Question: The equation $2x^2+ax+(b+3)=0$ has real roots. Find the minimum value of $a^2+b^2$
My working:
$D=a^2-8(b+3)\geqq0$
$a^2\geqq8(b+3)=8b+24$
Add $b^2$ to both sides
$a^2+b^2\geqq b^2+8b+24=(b+4)^2+8\geqq 8$
$\therefore {(a^2+b^2) }_{min} = 8$
However the answer in the book is 9.
What have I done wrong?
On
The minimum value for $ a^2 + b^2 = 8(b+3) + b^2 $, because $ a^2 \geqq 8(b+3) $.

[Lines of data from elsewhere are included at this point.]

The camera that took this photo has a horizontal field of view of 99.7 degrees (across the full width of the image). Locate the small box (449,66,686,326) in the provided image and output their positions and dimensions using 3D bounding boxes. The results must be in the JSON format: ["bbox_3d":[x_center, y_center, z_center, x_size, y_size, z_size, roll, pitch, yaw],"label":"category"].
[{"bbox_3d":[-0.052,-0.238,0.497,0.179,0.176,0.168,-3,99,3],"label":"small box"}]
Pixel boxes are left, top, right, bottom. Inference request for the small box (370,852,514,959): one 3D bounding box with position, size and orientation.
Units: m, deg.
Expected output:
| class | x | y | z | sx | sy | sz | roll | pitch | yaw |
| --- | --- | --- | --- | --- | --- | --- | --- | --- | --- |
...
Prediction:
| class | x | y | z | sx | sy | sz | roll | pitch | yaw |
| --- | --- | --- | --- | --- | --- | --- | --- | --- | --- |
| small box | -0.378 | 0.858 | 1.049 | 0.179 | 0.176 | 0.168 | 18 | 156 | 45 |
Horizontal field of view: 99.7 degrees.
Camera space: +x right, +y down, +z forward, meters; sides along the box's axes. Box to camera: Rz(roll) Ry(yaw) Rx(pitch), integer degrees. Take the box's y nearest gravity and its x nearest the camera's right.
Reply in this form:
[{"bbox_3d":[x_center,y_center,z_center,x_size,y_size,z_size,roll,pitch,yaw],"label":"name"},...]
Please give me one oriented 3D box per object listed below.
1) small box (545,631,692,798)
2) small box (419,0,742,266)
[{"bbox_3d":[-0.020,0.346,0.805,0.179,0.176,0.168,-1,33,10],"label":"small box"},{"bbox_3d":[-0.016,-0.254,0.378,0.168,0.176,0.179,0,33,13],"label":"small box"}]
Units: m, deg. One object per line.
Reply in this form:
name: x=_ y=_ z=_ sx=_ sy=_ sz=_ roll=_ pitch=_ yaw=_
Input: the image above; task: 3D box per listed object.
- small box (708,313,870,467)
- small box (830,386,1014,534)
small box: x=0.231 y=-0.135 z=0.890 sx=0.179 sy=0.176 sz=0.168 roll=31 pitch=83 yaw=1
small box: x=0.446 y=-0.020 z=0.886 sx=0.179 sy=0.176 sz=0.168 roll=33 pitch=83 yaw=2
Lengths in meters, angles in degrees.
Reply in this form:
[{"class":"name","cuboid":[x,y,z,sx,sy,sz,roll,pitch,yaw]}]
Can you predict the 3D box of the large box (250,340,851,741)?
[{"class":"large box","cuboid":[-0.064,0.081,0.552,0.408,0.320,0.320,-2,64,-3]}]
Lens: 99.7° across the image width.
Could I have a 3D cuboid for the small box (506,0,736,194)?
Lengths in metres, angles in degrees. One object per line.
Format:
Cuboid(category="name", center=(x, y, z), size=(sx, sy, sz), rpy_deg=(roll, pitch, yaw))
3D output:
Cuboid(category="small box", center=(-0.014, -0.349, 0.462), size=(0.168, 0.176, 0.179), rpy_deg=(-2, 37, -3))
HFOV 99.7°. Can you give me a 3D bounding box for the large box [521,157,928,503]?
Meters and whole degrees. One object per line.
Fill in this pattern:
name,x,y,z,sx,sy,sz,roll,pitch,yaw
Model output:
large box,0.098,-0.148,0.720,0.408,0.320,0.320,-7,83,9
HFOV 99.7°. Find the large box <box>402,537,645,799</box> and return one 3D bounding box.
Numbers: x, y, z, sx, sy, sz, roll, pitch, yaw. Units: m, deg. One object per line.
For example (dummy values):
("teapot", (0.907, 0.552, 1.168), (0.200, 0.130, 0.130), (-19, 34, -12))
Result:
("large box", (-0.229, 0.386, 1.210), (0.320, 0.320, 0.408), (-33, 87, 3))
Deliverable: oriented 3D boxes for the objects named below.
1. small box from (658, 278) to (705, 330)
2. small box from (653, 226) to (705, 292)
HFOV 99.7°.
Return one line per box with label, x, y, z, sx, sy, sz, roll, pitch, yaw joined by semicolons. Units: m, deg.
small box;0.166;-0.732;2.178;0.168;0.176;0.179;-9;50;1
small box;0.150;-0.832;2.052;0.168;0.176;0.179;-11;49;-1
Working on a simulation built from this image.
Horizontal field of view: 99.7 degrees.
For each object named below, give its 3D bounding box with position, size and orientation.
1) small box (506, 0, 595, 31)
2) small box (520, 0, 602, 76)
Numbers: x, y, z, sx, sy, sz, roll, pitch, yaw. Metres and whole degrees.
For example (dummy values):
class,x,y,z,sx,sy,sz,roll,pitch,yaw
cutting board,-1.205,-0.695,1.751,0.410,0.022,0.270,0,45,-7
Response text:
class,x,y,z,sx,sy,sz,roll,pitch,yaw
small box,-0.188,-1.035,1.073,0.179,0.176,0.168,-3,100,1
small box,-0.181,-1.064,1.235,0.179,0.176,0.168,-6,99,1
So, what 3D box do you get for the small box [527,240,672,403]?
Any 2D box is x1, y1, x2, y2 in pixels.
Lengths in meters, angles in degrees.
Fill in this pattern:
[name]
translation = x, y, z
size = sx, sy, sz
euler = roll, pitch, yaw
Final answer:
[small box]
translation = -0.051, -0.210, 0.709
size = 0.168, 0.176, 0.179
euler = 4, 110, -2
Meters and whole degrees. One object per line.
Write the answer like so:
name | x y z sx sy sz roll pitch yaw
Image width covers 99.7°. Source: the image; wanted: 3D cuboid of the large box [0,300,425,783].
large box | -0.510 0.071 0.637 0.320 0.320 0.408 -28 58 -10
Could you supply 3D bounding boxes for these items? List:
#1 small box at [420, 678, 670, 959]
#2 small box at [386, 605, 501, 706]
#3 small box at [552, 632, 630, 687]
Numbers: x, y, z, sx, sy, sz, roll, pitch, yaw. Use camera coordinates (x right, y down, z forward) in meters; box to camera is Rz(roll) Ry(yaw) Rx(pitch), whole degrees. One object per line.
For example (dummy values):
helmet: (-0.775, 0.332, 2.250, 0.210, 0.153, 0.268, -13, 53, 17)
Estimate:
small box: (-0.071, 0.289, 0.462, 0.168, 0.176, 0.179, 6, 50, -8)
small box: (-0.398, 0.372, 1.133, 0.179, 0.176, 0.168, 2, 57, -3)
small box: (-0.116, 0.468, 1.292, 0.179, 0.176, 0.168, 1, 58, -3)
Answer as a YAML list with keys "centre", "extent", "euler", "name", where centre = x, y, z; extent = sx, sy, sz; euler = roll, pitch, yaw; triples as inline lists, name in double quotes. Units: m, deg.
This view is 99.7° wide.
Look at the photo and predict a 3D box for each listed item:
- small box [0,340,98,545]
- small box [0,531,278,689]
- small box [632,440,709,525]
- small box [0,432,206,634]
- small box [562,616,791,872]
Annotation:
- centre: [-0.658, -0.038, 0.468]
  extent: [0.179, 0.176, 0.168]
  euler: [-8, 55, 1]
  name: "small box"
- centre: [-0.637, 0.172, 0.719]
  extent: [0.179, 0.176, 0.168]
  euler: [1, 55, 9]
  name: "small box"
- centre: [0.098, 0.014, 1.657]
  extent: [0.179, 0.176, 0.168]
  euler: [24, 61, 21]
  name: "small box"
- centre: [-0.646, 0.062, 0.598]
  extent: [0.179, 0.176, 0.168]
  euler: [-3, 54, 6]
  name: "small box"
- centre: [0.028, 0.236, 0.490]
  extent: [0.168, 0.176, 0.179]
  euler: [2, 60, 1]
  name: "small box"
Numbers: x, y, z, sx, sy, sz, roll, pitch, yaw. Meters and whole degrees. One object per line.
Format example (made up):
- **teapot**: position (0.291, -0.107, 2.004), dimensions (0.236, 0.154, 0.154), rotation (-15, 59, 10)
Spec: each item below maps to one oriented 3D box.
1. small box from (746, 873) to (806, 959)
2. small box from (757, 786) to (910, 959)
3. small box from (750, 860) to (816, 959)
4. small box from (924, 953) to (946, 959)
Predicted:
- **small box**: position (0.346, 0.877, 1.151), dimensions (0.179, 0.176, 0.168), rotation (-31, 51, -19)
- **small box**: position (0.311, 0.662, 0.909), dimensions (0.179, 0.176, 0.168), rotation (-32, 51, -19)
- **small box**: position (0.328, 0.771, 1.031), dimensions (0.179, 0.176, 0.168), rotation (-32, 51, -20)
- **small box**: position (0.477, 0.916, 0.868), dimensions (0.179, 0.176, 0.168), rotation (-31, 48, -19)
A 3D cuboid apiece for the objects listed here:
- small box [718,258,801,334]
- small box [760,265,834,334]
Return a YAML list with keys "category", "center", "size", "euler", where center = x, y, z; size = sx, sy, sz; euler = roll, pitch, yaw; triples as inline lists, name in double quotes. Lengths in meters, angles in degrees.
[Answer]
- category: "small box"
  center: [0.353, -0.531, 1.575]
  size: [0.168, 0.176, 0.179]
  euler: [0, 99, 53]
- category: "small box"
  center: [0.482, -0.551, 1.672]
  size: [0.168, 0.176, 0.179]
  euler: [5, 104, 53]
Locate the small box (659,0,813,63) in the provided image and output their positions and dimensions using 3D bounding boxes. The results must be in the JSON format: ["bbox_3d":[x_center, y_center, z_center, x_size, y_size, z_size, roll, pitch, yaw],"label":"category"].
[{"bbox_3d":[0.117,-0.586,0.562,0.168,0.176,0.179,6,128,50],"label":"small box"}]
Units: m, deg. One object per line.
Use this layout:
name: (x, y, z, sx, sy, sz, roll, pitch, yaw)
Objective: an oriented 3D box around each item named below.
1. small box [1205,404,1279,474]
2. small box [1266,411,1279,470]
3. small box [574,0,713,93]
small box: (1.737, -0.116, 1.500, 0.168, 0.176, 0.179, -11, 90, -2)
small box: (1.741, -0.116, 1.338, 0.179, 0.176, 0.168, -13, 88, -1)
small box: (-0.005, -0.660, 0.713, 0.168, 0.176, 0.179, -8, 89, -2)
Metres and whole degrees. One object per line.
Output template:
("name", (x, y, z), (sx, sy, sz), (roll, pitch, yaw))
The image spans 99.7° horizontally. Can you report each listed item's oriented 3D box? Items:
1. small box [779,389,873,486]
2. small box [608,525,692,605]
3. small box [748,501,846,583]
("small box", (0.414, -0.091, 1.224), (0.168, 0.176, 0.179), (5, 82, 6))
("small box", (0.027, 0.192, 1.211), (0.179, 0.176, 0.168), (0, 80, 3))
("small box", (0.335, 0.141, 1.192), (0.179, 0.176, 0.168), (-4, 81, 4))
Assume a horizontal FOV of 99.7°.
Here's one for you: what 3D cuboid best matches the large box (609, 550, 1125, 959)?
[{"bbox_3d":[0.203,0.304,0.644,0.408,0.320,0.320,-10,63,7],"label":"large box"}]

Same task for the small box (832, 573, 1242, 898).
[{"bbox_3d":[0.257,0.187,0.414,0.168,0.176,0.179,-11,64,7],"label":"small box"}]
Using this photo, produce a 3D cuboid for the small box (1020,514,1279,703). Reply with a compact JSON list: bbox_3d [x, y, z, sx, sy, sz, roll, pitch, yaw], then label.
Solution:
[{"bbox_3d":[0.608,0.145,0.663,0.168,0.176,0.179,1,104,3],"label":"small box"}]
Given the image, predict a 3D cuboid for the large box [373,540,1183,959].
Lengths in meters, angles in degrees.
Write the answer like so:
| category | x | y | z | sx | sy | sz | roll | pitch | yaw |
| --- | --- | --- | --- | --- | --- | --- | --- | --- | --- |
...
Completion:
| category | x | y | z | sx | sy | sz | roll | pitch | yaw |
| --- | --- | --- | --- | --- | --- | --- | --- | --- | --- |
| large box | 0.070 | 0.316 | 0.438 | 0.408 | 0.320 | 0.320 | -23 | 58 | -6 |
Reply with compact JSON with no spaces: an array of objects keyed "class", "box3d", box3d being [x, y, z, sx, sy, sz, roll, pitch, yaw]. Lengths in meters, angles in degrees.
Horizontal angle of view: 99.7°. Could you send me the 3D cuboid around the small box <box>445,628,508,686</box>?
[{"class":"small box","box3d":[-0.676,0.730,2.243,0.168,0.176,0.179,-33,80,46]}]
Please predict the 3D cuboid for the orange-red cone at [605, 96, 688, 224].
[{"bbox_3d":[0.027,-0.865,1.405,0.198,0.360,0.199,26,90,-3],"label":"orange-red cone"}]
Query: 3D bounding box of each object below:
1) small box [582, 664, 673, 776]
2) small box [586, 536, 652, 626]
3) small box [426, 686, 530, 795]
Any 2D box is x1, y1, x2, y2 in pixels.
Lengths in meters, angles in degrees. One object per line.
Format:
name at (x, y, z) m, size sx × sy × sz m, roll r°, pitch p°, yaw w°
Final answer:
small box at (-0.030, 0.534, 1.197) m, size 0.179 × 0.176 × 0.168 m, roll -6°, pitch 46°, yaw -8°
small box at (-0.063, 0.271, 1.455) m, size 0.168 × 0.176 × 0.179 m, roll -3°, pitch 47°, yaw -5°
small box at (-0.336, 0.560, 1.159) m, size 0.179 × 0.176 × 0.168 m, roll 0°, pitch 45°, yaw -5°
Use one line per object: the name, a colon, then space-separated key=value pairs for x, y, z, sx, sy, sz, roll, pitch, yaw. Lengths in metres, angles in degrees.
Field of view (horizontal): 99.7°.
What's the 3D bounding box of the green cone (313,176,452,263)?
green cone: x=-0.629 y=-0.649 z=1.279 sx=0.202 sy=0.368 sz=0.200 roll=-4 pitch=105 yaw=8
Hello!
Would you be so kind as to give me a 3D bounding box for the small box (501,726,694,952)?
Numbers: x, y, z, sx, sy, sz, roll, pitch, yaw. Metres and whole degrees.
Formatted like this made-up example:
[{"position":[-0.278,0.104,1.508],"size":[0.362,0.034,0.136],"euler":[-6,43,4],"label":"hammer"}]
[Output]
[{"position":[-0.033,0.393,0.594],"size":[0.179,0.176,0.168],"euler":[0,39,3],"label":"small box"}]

The value of $b$ that minimizes the quadratic $ 8(b+3) + b^2 $ is:
$ 8 + 2b =0 \Rightarrow b = -4$
From $ a^2 \geqq 8(b+3) \Rightarrow b \geqq -3$
Therefore, the minimum value of $ a^2 + b^2 $ is when $ b = -3 $ and $ a = 0 $
$ \Rightarrow a^2 + b^2 \geqq (0)^2 + (-3)^2 $
By your work: $$a^2+b^2=a^2+b^2-\frac{3}{4}(a^2-8(b+3))+\frac{3}{4}(a^2-8(b+3))\geq$$ $$\geq a^2+b^2-\frac{3}{4}(a^2-8(b+3))=\frac{1}{4}(a^2+4(b+3)^2)+9\geq9.$$ The equality occurs for $a=0$ and $b=-3$, which says that we got a minimal value.